You are viewing a plain text version of this content. The canonical link for it is here.
Posted to users@subversion.apache.org by "B. Smith-Mannschott" <be...@gmail.com> on 2008/03/08 14:01:12 UTC

Re: Evaluating SVN as a Document Management Solution

On Mar 8, 2008, at 00:50, Tom Blough wrote:
>>> typically in MS Office applications, deliverables are typically
>>> drawings in AutoCAD or Microstation, and database content
>> is typically
>>> financial data from which reports are generated.
>
> For your application, your repository will be huge.  All of the file  
> types
> you mention are binary.  Therefore, SVN cannot calculate a diff on  
> the file
> and will end up storing a copy of the complete file.

This is incorrect.  You're probably thinking of CVS or some similarly  
brain-damaged revision control system.  SVN uses compressed binary  
differences between versions for storage in its repository.

This works well for text of course. It also works well for binary  
formats which don't themselves use compression, such as Microsoft  
Word's DOC, uncompressed TIFF, ...

> There was a recent thread concerning using XML data formats for newer
> versions of Office in order to save diff content, but that can cause
> problems due to the fact that XML is not order specific.  Office  
> can, and
> does, generate different XML for the same document.

Well, yes, that will tend to make your differences larger than they  
have to be.  The real problem however is that most of these "XML"  
formats are not, in fact, XML but rather XML compressed within a ZIP  
archive.

Where Subversions binary differencing and compression fails is on file  
formats that are themselves compressed (OpenDocument, OfficeOpenXML,  
PNG, GIF, JPG, ...).  Because of the compression, even a small change  
in the document may cause it's representation on disk to change  
completely.  The difference algorithm can't "see through" this.   
Furthermore, subversion's built-in compression (like any compression  
algorithm) won't be able to further compress something that's already  
compressed.

I've done an experiment to verify this.  I set up three repositories  
each containing a single document in one of three formats.  In this  
case, I used the text of _The Count of Monte Cristo_ from Project  
Gutenberg as ASCII Text (2568 KB), as Microsoft Word DOC (6384 KB) and  
as OpenOffice ODT (1060 KB).  I created 8 variants of each of these  
documents (inserting or removing a paragraph here or there) to  
represent minor edits. I then made 80 commits to each of the three  
repositories drawing upon the aforementioned 8 variants in round-robin  
fashion to simulate a history of 80 minor edits made and committed.   
While doing this I kept track of the total size of the repository.

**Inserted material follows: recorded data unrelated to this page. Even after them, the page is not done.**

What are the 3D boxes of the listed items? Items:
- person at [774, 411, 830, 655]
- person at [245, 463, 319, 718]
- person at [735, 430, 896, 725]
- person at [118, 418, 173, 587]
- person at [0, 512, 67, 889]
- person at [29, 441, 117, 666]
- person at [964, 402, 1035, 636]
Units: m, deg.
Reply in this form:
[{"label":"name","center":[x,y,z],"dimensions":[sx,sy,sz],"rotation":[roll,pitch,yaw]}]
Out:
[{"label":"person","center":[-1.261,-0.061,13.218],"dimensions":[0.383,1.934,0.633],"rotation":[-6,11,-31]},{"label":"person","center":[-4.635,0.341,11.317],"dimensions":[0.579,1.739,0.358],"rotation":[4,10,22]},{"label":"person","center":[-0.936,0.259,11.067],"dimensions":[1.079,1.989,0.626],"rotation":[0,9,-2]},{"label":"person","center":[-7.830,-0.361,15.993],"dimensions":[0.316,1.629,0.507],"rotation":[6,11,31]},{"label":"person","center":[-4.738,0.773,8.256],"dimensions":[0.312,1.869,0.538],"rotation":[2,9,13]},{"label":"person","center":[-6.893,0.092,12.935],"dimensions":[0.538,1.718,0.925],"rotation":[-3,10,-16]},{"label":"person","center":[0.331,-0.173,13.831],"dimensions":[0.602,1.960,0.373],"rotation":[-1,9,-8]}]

* All three repositories grow linearly in size, but the ODT repository  
grows more quickly (steeper slope).

* The ODT repository is smallest for the first few commits but quickly  
out grows the TXT and DOC repositories.

* The DOC repository is larger than the TXT repository and grows  
slightly faster in comparison.

* The size difference between the TXT and DOC repositories is not as  
large as the relative size of the formats (2568 KB vs 6384 KB) might  
suggest. DOC may be twice as large as TXT but much of this difference  
is redundancy which SVN is quite capable of compressing away.

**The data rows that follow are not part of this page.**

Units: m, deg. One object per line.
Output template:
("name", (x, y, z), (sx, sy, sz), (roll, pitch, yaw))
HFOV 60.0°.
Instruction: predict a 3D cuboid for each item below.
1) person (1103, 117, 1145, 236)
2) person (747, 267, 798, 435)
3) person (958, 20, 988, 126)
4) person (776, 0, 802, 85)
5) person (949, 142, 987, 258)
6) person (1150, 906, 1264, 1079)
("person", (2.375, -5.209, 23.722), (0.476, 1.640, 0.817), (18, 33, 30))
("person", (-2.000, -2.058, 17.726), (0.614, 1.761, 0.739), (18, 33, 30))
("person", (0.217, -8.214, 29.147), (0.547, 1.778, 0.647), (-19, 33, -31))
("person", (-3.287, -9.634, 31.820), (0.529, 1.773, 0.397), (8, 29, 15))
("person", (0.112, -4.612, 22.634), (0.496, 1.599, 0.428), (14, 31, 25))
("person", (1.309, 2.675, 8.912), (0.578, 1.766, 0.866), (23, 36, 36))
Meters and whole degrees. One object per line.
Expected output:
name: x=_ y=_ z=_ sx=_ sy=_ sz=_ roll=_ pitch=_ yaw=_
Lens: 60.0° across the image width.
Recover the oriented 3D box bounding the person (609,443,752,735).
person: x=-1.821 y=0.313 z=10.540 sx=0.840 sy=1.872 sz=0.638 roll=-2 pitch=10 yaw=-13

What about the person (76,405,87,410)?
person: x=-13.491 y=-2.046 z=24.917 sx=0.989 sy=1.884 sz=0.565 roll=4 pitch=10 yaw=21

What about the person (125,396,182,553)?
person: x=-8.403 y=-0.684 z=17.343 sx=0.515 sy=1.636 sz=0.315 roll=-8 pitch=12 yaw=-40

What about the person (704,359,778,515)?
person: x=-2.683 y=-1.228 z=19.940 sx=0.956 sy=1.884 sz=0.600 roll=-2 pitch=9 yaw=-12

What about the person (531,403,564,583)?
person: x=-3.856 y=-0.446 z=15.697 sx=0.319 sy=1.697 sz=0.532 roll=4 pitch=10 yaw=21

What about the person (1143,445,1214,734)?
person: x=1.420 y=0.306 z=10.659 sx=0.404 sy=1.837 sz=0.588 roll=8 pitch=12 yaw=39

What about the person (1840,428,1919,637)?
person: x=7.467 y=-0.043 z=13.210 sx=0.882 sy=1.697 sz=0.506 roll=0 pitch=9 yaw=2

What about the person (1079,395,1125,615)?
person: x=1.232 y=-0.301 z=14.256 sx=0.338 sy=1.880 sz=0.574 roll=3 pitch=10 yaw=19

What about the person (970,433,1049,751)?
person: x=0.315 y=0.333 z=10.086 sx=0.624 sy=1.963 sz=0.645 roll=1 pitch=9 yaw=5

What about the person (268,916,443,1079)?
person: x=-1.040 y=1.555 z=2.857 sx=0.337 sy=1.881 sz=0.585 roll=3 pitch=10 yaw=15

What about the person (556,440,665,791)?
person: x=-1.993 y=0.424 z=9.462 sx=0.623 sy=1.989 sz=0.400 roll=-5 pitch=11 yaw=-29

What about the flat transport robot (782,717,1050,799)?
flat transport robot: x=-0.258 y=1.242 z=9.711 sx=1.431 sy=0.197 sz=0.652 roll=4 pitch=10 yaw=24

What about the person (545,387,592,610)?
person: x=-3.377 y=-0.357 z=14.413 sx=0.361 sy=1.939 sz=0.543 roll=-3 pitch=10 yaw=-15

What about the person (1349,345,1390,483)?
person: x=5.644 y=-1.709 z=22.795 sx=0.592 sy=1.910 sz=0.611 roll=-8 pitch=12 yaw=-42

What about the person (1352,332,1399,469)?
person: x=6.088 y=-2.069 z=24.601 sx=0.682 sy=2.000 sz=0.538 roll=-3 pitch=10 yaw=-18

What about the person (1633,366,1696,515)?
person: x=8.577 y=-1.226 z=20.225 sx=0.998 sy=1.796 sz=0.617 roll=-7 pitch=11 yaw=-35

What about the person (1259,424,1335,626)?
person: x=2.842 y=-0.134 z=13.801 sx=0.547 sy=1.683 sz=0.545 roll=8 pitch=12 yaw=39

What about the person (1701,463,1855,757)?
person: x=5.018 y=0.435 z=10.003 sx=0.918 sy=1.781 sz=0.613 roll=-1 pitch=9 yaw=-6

* Final repository sizes after 80 commits: TXT = 10052 KB; DOC = 16288  
KB; ODT = 58260 KB.

See also attached PNG.

// Ben Smith-Mannschott


Re: Evaluating SVN as a Document Management Solution

Posted by Thomas Harold <tg...@tgharold.com>.
That matches what we've seen as well.  We store a lot of MS Access 
databases (.MDB files).

Under the old system (VSS+SourceOffSite), every time we had to check-in 
a copy of a 200MB MDB, all of it would be transmitted and the new 
revision would add 200MB to the repository.  So we were forced to pack 
the MDBs into ZIP files prior to committing them.  Which was a PITA, but 
shaved our sizes by 90% typically.  So to commit a 200MB MDB, typically 
required shoving 20MB across the wire and increased the repository size 
by 20MB... even if we had only changed a handful of records in the MDB.

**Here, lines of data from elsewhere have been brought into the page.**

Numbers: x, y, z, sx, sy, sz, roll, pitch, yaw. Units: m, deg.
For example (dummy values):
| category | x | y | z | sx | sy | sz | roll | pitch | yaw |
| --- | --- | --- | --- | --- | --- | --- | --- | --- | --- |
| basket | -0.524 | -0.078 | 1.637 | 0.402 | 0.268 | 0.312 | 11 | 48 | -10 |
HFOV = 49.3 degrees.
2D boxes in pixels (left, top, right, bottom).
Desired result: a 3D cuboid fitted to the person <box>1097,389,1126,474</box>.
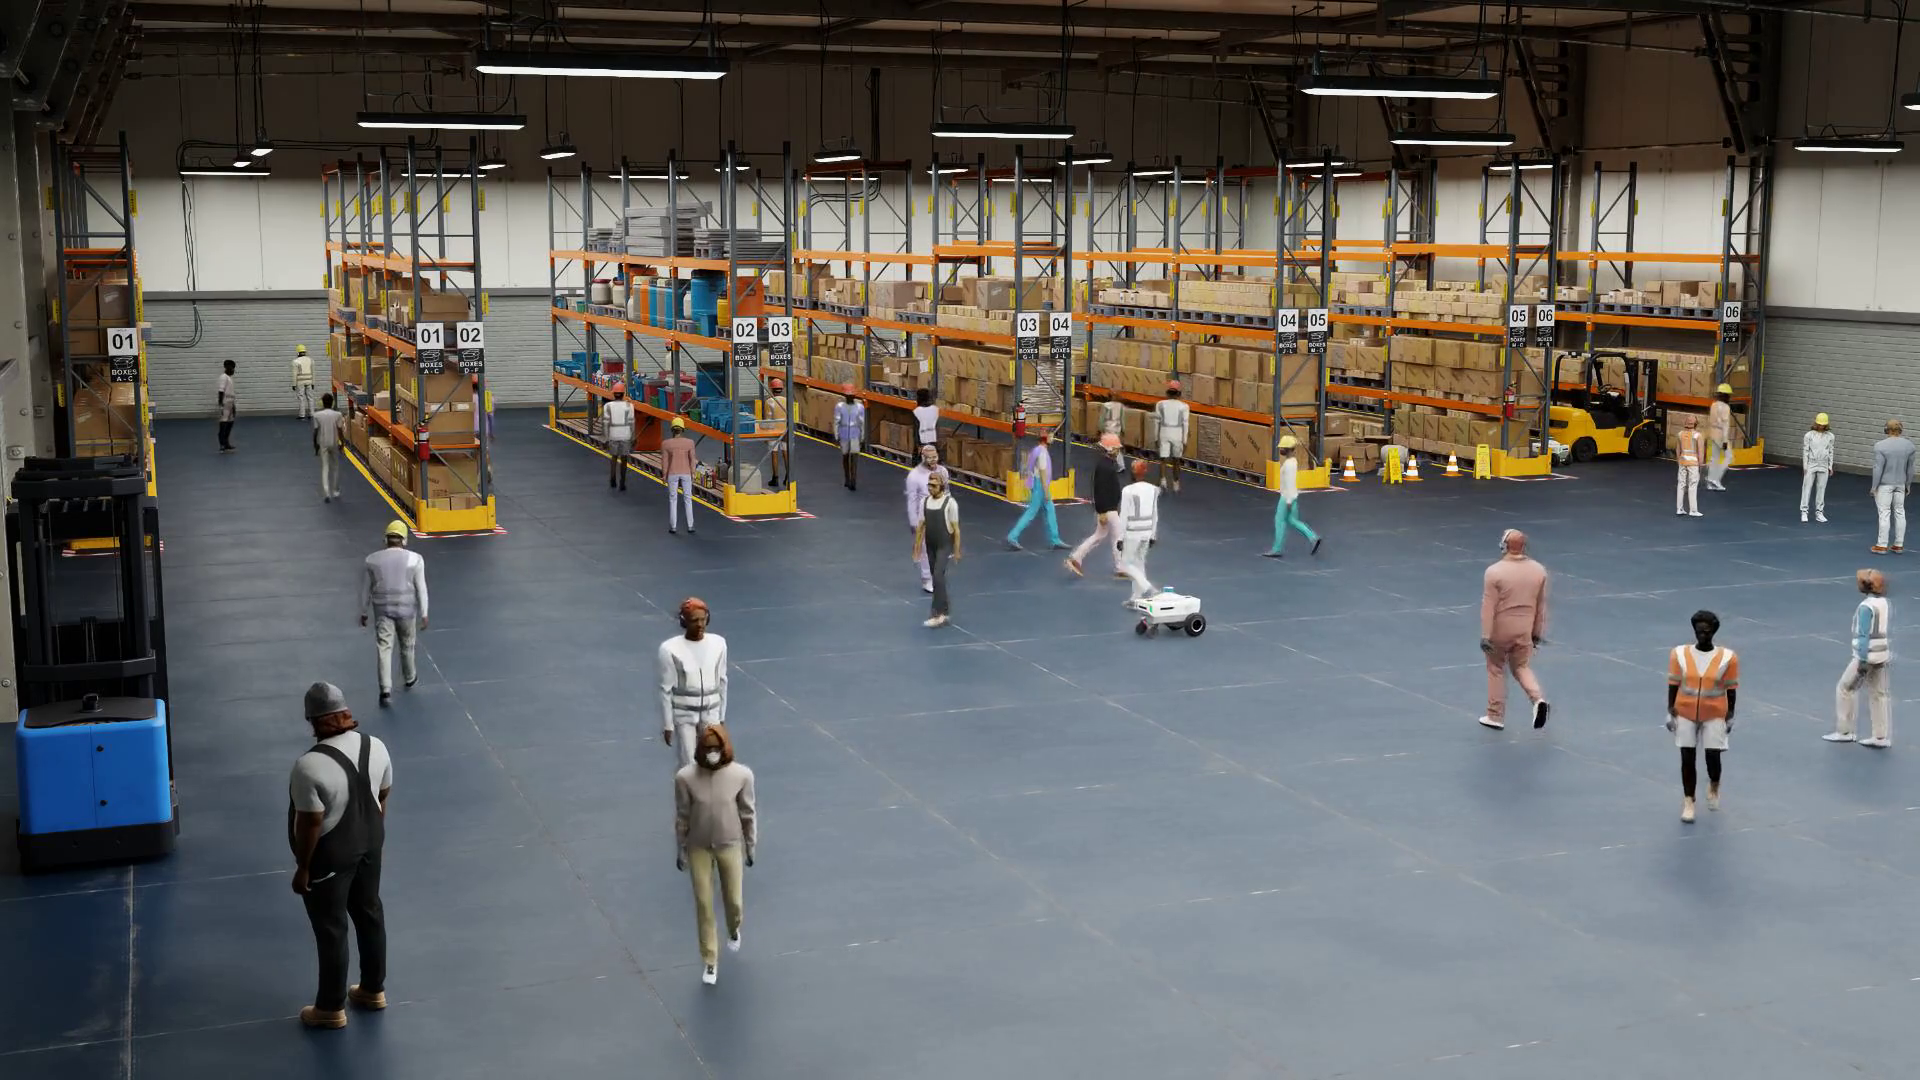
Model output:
| category | x | y | z | sx | sy | sz | roll | pitch | yaw |
| --- | --- | --- | --- | --- | --- | --- | --- | --- | --- |
| person | 2.929 | -2.081 | 39.850 | 0.508 | 1.602 | 0.859 | -7 | 11 | -38 |

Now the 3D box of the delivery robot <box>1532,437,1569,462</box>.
| category | x | y | z | sx | sy | sz | roll | pitch | yaw |
| --- | --- | --- | --- | --- | --- | --- | --- | --- | --- |
| delivery robot | 11.606 | -1.783 | 41.156 | 0.477 | 0.478 | 0.707 | -6 | 11 | -37 |

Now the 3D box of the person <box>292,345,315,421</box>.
| category | x | y | z | sx | sy | sz | roll | pitch | yaw |
| --- | --- | --- | --- | --- | --- | --- | --- | --- | --- |
| person | -15.836 | -3.790 | 50.464 | 0.404 | 1.833 | 0.591 | 7 | 11 | 40 |

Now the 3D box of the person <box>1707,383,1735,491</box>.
| category | x | y | z | sx | sy | sz | roll | pitch | yaw |
| --- | --- | --- | --- | --- | --- | --- | --- | --- | --- |
| person | 13.448 | -1.812 | 37.000 | 0.440 | 1.909 | 0.613 | -1 | 9 | -7 |

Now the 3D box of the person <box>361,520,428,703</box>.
| category | x | y | z | sx | sy | sz | roll | pitch | yaw |
| --- | --- | --- | --- | --- | --- | --- | --- | --- | --- |
| person | -5.608 | 0.698 | 20.773 | 0.658 | 1.765 | 0.970 | -1 | 9 | -8 |

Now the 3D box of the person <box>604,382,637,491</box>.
| category | x | y | z | sx | sy | sz | roll | pitch | yaw |
| --- | --- | --- | --- | --- | --- | --- | --- | --- | --- |
| person | -6.029 | -1.847 | 37.214 | 0.554 | 1.921 | 0.401 | 0 | 9 | 2 |

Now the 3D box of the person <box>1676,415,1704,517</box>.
| category | x | y | z | sx | sy | sz | roll | pitch | yaw |
| --- | --- | --- | --- | --- | --- | --- | --- | --- | --- |
| person | 11.798 | -1.200 | 33.847 | 0.309 | 1.637 | 0.513 | -5 | 10 | -32 |

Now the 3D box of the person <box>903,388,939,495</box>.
| category | x | y | z | sx | sy | sz | roll | pitch | yaw |
| --- | --- | --- | --- | --- | --- | --- | --- | --- | --- |
| person | -0.613 | -1.704 | 36.377 | 0.594 | 1.889 | 0.848 | -7 | 11 | -39 |

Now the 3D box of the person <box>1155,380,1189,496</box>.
| category | x | y | z | sx | sy | sz | roll | pitch | yaw |
| --- | --- | --- | --- | --- | --- | --- | --- | --- | --- |
| person | 3.687 | -1.791 | 36.564 | 0.611 | 2.011 | 0.966 | 2 | 9 | 12 |

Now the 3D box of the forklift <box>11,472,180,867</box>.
| category | x | y | z | sx | sy | sz | roll | pitch | yaw |
| --- | --- | --- | --- | --- | --- | --- | --- | --- | --- |
| forklift | -6.630 | 0.886 | 15.957 | 1.129 | 2.768 | 1.873 | -3 | 9 | -21 |

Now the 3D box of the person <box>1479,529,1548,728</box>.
| category | x | y | z | sx | sy | sz | roll | pitch | yaw |
| --- | --- | --- | --- | --- | --- | --- | --- | --- | --- |
| person | 5.148 | 0.844 | 19.417 | 0.651 | 1.889 | 0.662 | -3 | 9 | -19 |

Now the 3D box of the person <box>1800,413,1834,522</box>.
| category | x | y | z | sx | sy | sz | roll | pitch | yaw |
| --- | --- | --- | --- | --- | --- | --- | --- | --- | --- |
| person | 13.610 | -1.152 | 33.205 | 0.483 | 1.734 | 0.319 | 0 | 9 | 1 |

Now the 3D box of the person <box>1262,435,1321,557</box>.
| category | x | y | z | sx | sy | sz | roll | pitch | yaw |
| --- | --- | --- | --- | --- | --- | --- | --- | --- | --- |
| person | 4.707 | -0.616 | 29.624 | 0.746 | 1.740 | 0.529 | 3 | 9 | 17 |

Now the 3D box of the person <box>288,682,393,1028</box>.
| category | x | y | z | sx | sy | sz | roll | pitch | yaw |
| --- | --- | --- | --- | --- | --- | --- | --- | --- | --- |
| person | -3.704 | 1.844 | 12.357 | 0.536 | 2.000 | 0.672 | 5 | 10 | 30 |

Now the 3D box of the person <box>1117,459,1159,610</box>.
| category | x | y | z | sx | sy | sz | roll | pitch | yaw |
| --- | --- | --- | --- | --- | --- | --- | --- | --- | --- |
| person | 2.181 | -0.054 | 25.438 | 0.603 | 1.869 | 0.576 | -8 | 12 | -42 |

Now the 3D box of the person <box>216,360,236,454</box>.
| category | x | y | z | sx | sy | sz | roll | pitch | yaw |
| --- | --- | --- | --- | --- | --- | --- | --- | --- | --- |
| person | -15.213 | -2.765 | 43.370 | 0.370 | 1.929 | 0.759 | -1 | 9 | -4 |

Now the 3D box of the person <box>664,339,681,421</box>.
| category | x | y | z | sx | sy | sz | roll | pitch | yaw |
| --- | --- | --- | --- | --- | --- | --- | --- | --- | --- |
| person | -6.948 | -3.884 | 50.589 | 0.410 | 1.986 | 0.617 | 3 | 9 | 22 |

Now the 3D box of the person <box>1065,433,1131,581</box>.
| category | x | y | z | sx | sy | sz | roll | pitch | yaw |
| --- | --- | --- | --- | --- | --- | --- | --- | --- | --- |
| person | 1.890 | -0.447 | 27.766 | 0.953 | 1.962 | 0.626 | 0 | 9 | 2 |

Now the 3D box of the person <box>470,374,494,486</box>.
| category | x | y | z | sx | sy | sz | roll | pitch | yaw |
| --- | --- | --- | --- | --- | --- | --- | --- | --- | --- |
| person | -8.698 | -1.977 | 37.728 | 0.609 | 2.032 | 0.578 | -4 | 9 | -23 |

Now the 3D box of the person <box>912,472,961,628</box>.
| category | x | y | z | sx | sy | sz | roll | pitch | yaw |
| --- | --- | --- | --- | --- | --- | --- | --- | --- | --- |
| person | -0.317 | 0.119 | 24.454 | 0.547 | 1.815 | 0.774 | 6 | 10 | 35 |

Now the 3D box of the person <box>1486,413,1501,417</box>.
| category | x | y | z | sx | sy | sz | roll | pitch | yaw |
| --- | --- | --- | --- | --- | --- | --- | --- | --- | --- |
| person | 11.008 | -2.745 | 43.204 | 0.560 | 1.918 | 0.499 | -3 | 9 | -16 |

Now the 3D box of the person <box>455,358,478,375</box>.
| category | x | y | z | sx | sy | sz | roll | pitch | yaw |
| --- | --- | --- | --- | --- | --- | --- | --- | --- | --- |
| person | -11.427 | -3.605 | 48.695 | 0.623 | 1.991 | 0.390 | -2 | 9 | -12 |

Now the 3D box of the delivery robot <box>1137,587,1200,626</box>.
| category | x | y | z | sx | sy | sz | roll | pitch | yaw |
| --- | --- | --- | --- | --- | --- | --- | --- | --- | --- |
| delivery robot | 2.394 | 0.781 | 24.046 | 0.707 | 0.478 | 0.477 | -4 | 10 | -26 |

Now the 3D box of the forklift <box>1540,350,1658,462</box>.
| category | x | y | z | sx | sy | sz | roll | pitch | yaw |
| --- | --- | --- | --- | --- | --- | --- | --- | --- | --- |
| forklift | 12.897 | -2.725 | 42.309 | 2.313 | 2.155 | 1.214 | -3 | 9 | -21 |

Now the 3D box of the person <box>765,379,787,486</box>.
| category | x | y | z | sx | sy | sz | roll | pitch | yaw |
| --- | --- | --- | --- | --- | --- | --- | --- | --- | --- |
| person | -3.291 | -1.951 | 37.864 | 0.550 | 1.933 | 0.375 | -5 | 10 | -29 |

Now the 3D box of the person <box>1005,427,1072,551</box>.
| category | x | y | z | sx | sy | sz | roll | pitch | yaw |
| --- | --- | --- | --- | --- | --- | --- | --- | --- | --- |
| person | 1.108 | -0.747 | 30.301 | 0.949 | 1.805 | 0.580 | 0 | 9 | 2 |

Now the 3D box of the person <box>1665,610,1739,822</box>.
| category | x | y | z | sx | sy | sz | roll | pitch | yaw |
| --- | --- | --- | --- | --- | --- | --- | --- | --- | --- |
| person | 5.836 | 1.380 | 16.504 | 0.536 | 1.684 | 0.389 | 4 | 9 | 26 |

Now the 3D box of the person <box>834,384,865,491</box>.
| category | x | y | z | sx | sy | sz | roll | pitch | yaw |
| --- | --- | --- | --- | --- | --- | --- | --- | --- | --- |
| person | -1.965 | -1.855 | 37.423 | 0.545 | 1.890 | 1.037 | 0 | 9 | 1 |

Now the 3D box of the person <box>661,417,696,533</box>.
| category | x | y | z | sx | sy | sz | roll | pitch | yaw |
| --- | --- | --- | --- | --- | --- | --- | --- | --- | --- |
| person | -4.297 | -0.990 | 32.020 | 0.523 | 1.769 | 0.319 | -1 | 9 | -9 |

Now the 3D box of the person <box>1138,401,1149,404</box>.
| category | x | y | z | sx | sy | sz | roll | pitch | yaw |
| --- | --- | --- | --- | --- | --- | --- | --- | --- | --- |
| person | 4.474 | -3.785 | 50.402 | 0.631 | 1.842 | 0.428 | -7 | 11 | -38 |

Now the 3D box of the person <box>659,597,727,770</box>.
| category | x | y | z | sx | sy | sz | roll | pitch | yaw |
| --- | --- | --- | --- | --- | --- | --- | --- | --- | --- |
| person | -2.010 | 1.366 | 15.959 | 0.587 | 1.866 | 0.417 | -5 | 10 | -28 |

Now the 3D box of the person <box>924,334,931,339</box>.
| category | x | y | z | sx | sy | sz | roll | pitch | yaw |
| --- | --- | --- | --- | --- | --- | --- | --- | --- | --- |
| person | -0.716 | -4.566 | 55.432 | 0.983 | 1.905 | 0.638 | 1 | 9 | 4 |

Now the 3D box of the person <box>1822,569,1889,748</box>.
| category | x | y | z | sx | sy | sz | roll | pitch | yaw |
| --- | --- | --- | --- | --- | --- | --- | --- | --- | --- |
| person | 8.100 | 1.057 | 18.864 | 0.648 | 1.615 | 0.541 | 8 | 12 | 43 |

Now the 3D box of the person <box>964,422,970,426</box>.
| category | x | y | z | sx | sy | sz | roll | pitch | yaw |
| --- | --- | --- | --- | --- | --- | --- | --- | --- | --- |
| person | 0.197 | -3.640 | 49.129 | 0.640 | 1.932 | 0.443 | -3 | 9 | -20 |

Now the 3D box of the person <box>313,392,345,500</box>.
| category | x | y | z | sx | sy | sz | roll | pitch | yaw |
| --- | --- | --- | --- | --- | --- | --- | --- | --- | --- |
| person | -10.848 | -1.616 | 36.001 | 0.527 | 1.839 | 0.863 | -2 | 9 | -15 |

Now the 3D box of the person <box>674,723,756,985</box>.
| category | x | y | z | sx | sy | sz | roll | pitch | yaw |
| --- | --- | --- | --- | --- | --- | --- | --- | --- | --- |
| person | -1.529 | 1.921 | 13.109 | 0.507 | 1.623 | 0.500 | -1 | 9 | -4 |

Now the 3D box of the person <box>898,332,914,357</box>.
| category | x | y | z | sx | sy | sz | roll | pitch | yaw |
| --- | --- | --- | --- | --- | --- | --- | --- | --- | --- |
| person | -1.469 | -4.704 | 56.553 | 0.403 | 1.835 | 0.586 | 5 | 10 | 31 |

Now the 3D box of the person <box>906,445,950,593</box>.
| category | x | y | z | sx | sy | sz | roll | pitch | yaw |
| --- | --- | --- | --- | --- | --- | --- | --- | --- | --- |
| person | -0.370 | -0.278 | 26.834 | 0.681 | 1.894 | 0.427 | -6 | 10 | -35 |

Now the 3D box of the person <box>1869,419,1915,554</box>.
| category | x | y | z | sx | sy | sz | roll | pitch | yaw |
| --- | --- | --- | --- | --- | --- | --- | --- | --- | --- |
| person | 13.334 | -0.770 | 29.985 | 0.635 | 1.935 | 0.350 | -2 | 9 | -11 |

With SVN/TSVN, we no longer bother packing the MDBs in ZIP files.  Nor 
do we worry about small changes and frequent commits.  The first version 
of a 200MB MDB will grow the repository by 66-100MB (figure either 3:1 
or 2:1 compression by the SVN engine... we haven't tested).  After that, 
figure commits are related to the amount of change within the MDB.  If 
we only changed a handful of records and didn't do something silly like 
compacting the MDB afterwards, the commit might only be 1MB worth of 
traffic.

In summary, between the binary diff algorithm and only shoving changes 
across the wire, our bandwidth consumption when dealing with MDBs has 
gone down drastically.  And the repository grows at a sane pace rather 
then the increased pace of storing ZIP files.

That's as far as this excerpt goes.